Enough! How long are we going to sell – or buy – ourselves into slavery? Really, this isn’t just an issue of credit systems, but of the entire system of production and consumption. When we decided to stop making what we use, or knowing who made it or where it came from or what’s in it; when we decided it was easier and cheaper to let someone else manage and truly know our trade, our laws, our “self”-rule, and we stopped caring whether or not we understood what they did; when we chose quantity of everything over quality of anything. I am beginning to abhor the system I live in, and my own role in it.
I want the sustainable life: based on as direct a relationship and understanding of the world and people around me as I can possibly manage.
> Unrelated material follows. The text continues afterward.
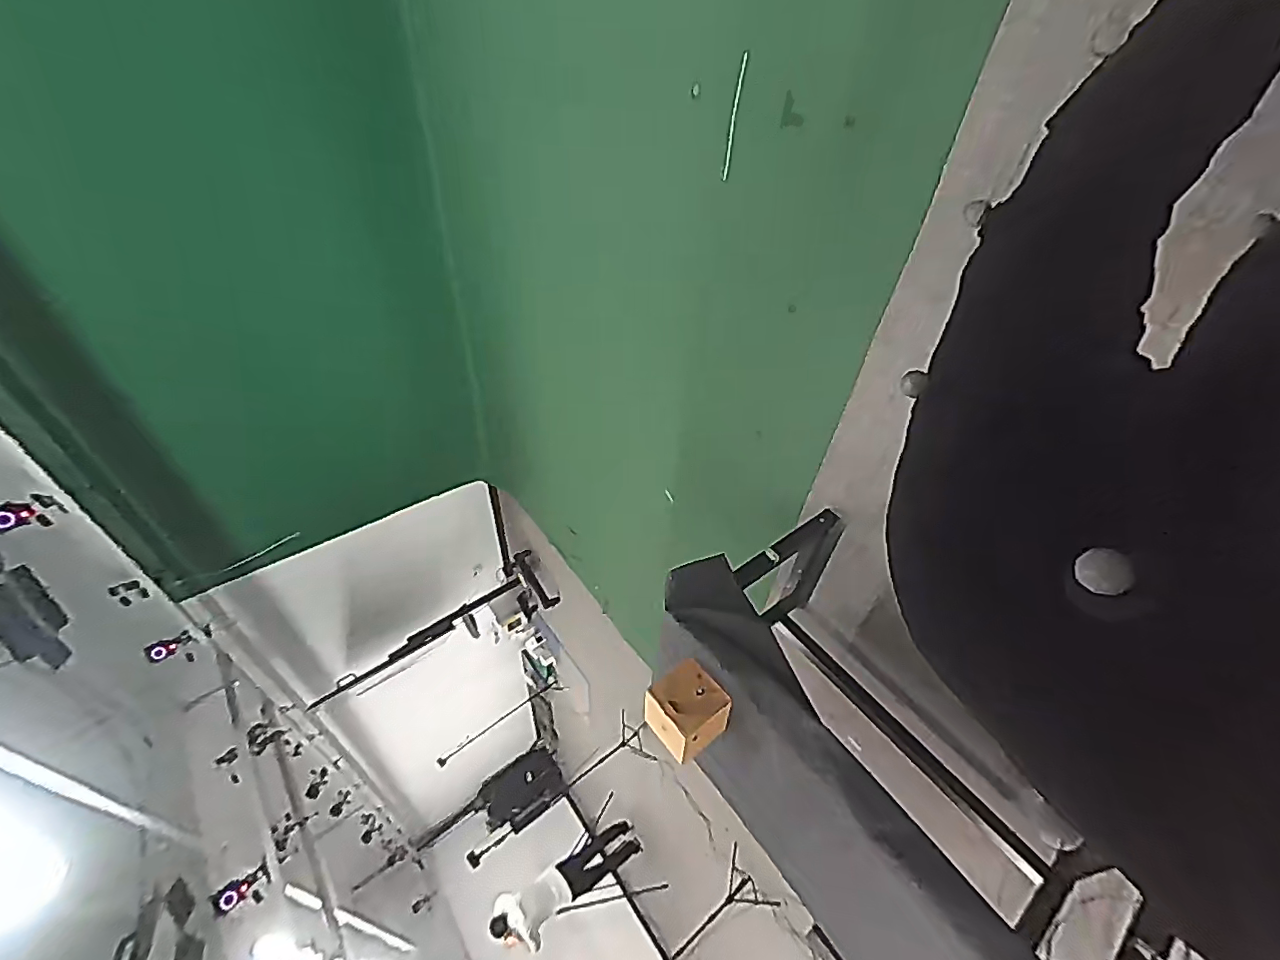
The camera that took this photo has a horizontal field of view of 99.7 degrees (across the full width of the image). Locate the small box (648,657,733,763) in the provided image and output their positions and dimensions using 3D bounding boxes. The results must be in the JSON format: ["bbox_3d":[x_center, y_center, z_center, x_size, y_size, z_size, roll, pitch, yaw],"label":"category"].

I’m not sure anymore why all these activities and all the busyness of my life right is so important, when it is mostly concerned with keeping up such inequity and degradation. Tell me what is more important that making sure I know those who live with and around me; that I know who grows my food or makes my clothes and tools, and how; that I provide or produce the things that I and others need; that I raise my family and care for my neighbors; that I help us work out our differences and have just and loving dealings with one another? What is my life focused on if not these things? And don’t say serving the Lord wherever I am; these very things are the essence of serving the Lord in practice. And I live a life right now that distracts (if not keeping me outright) from all of them.
This was going to be a post about why I wasn’t going to participate in the credit system anymore besides paying off my existing obligations; but it suddenly became something else. I feel this call again to change my life so radically, much as I felt it last year. But I still want to do this in community – I think I’d have to to make it work – but I don’t know where to find those other people. I sadly think I might have to go from Boston to do it; how far am I willing to go (literally and figuratively) to live this life to which I think I may be called?